Chevron moving forward in inlet, on North Slope
Alan Bailey Petroleum News
With 40,000 barrels of oil production per day, Chevron is Alaska’s fourth largest crude oil producer, Scott Davis, vice president, mid-continental business unit leader of Chevron North America, told Meet Alaska conference attendees on Jan. 19. But the company has ambitious plans to expand its operations in the Cook Inlet basin and on the North Slope.
“We plan to … increase investment in Alaska not (only) over the next three years but over the next 15 to 20 years,” Davis said.
After purchasing Unocal in 2005, Chevron took “a hard look” at its newly acquired Cook Inlet assets, he said, concluding there was a lot of oil and gas yet to be discovered.
“We are we going to be investing aggressively out there to see that happen.”
Chevron’s total onshore and offshore Cook Inlet basin production is about 25,000 barrels per day of oil equivalent, which includes natural gas, he said.
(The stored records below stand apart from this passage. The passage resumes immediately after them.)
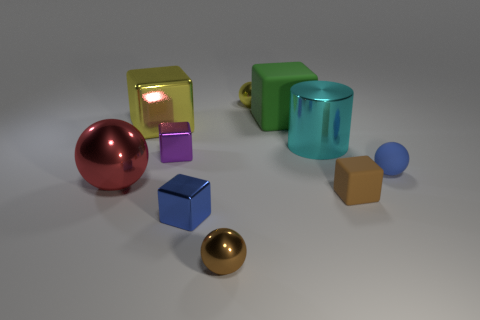Is there anything else that is the same shape as the cyan object?
Your answer should be very brief. No. There is a rubber block in front of the small blue matte sphere; what color is it?
Offer a terse response. Brown. How many other things are the same color as the large metal cube?
Give a very brief answer. 1. Does the blue object left of the yellow shiny sphere have the same size as the yellow ball?
Provide a short and direct response. Yes. There is a blue metallic thing; how many green matte blocks are right of it?
Offer a terse response. 1. Are there any red spheres of the same size as the cylinder?
Make the answer very short. Yes. The metallic ball behind the small blue thing on the right side of the large green cube is what color?
Your response must be concise. Yellow. What number of things are behind the cyan cylinder and in front of the big ball?
Provide a short and direct response. 0. How many small brown things have the same shape as the large green rubber object?
Make the answer very short. 1. Does the big green thing have the same material as the tiny brown block?
Provide a succinct answer. Yes. 
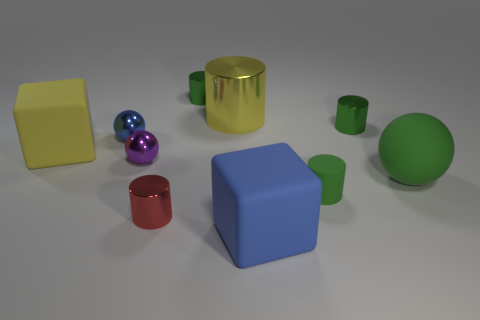Is the shape of the small red thing the same as the big yellow rubber thing?
Make the answer very short. No. What number of spheres are either small red things or blue metallic things?
Make the answer very short. 1. What color is the large object that is made of the same material as the small red cylinder?
Make the answer very short. Yellow. There is a purple metal object that is left of the blue matte object; does it have the same size as the tiny blue shiny ball?
Offer a terse response. Yes. Are the blue ball and the large cube that is in front of the green matte sphere made of the same material?
Make the answer very short. No. The object on the left side of the blue metallic sphere is what color?
Offer a very short reply. Yellow. Is there a blue thing that is behind the tiny green thing that is in front of the large matte ball?
Make the answer very short. Yes. There is a metal cylinder to the right of the big blue object; is its color the same as the ball on the right side of the small red metal object?
Your answer should be very brief. Yes. How many green metal objects are right of the blue cube?
Provide a succinct answer. 1. How many things have the same color as the rubber cylinder?
Provide a succinct answer. 3. 
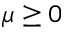Convert formula to latex. <formula><loc_0><loc_0><loc_500><loc_500>\mu \geq 0</formula>

“We’re planning a multi-year development program” starting later this year that includes new drilling and waterflood expansion, as well as testing some new geologic horizons in the Jurassic, below the level of the current oil fields, Davis said.
Chevron takes the supply of natural gas to Southcentral Alaska very seriously and is “very optimistic” about its ability to supply the local market in years to come,” he said, noting that Chevron’s inlet gas plans include more drilling at Granite Point and more exploration in south Kenai.
“There is quite a bit of development to be done at Beluga River. … There are multiple programs in place to be carried out … to make sure we continue to supply gas.”
Bullish on the North Slope “We’re very bullish about the future of the North Slope,” Davis said.
He described Chevron’s North Slope holdings as “a mile wide and a mile deep,” with interests in Prudhoe Bay, Kuparuk, the Brooks Range Foothills, and an extensive exploration fairway in the White Hills area, which is south of the Kuparuk field and southwest of Prudhoe Bay.
“It’s about 40 miles long and 20 miles wide,” Davis said. “We’re pretty excited about it. We will be drilling four wells in the winter season of ’07-’08.”
Chevron and partner BP were the original players in the Arctic National Wildlife Refuge, with Chevron operating the only exploration well in the 1002 area. Davis said his company is waiting to see if ANWR is ever re-opened.
What about the eastern North Slope’s Point Thompson unit that abuts ANWR and is thought to contain significant reserves of oil and gas?
“We did have 25 percent of that,” he quipped, adding that the Alaska Department of Natural Resource termination of the unit was a blow to his company. Chevron has filed litigation challenging the decision.
“In our opinion the field is really a gas field and needs to be developed as such,” he said, in reference to controversy about how the field should be developed. He said if it weren’t such a challenging field to develop it would have come on line a long time ago.
Applauds transparent gas line negotiations Davis said construction of a North Slope pipeline is critical to bringing Point Thompson into play and that Chevron supports the North Slope producers’ proposal for a pipeline to the U.S. Midwest through Canada.
“All of us have to be aligned, not just the big three (producers). … We do applaud the governor’s initiative to be transparent (in gas line negotiations). … We think that’s a good step.”
Fiscal certainty is very important, he said. “We have to know what we’re going to be dealing with when going in.”
Worldwide there is considerable fiscal uncertainty but Davis said Alaska is an especially tough environment, with high operating costs, long permitting times and labor shortages for a huge pipeline project.
And although Chevron sees good and bad aspects to Alaska’s new oil and gas production tax, he said the company applauds the investment incentives that the tax provides.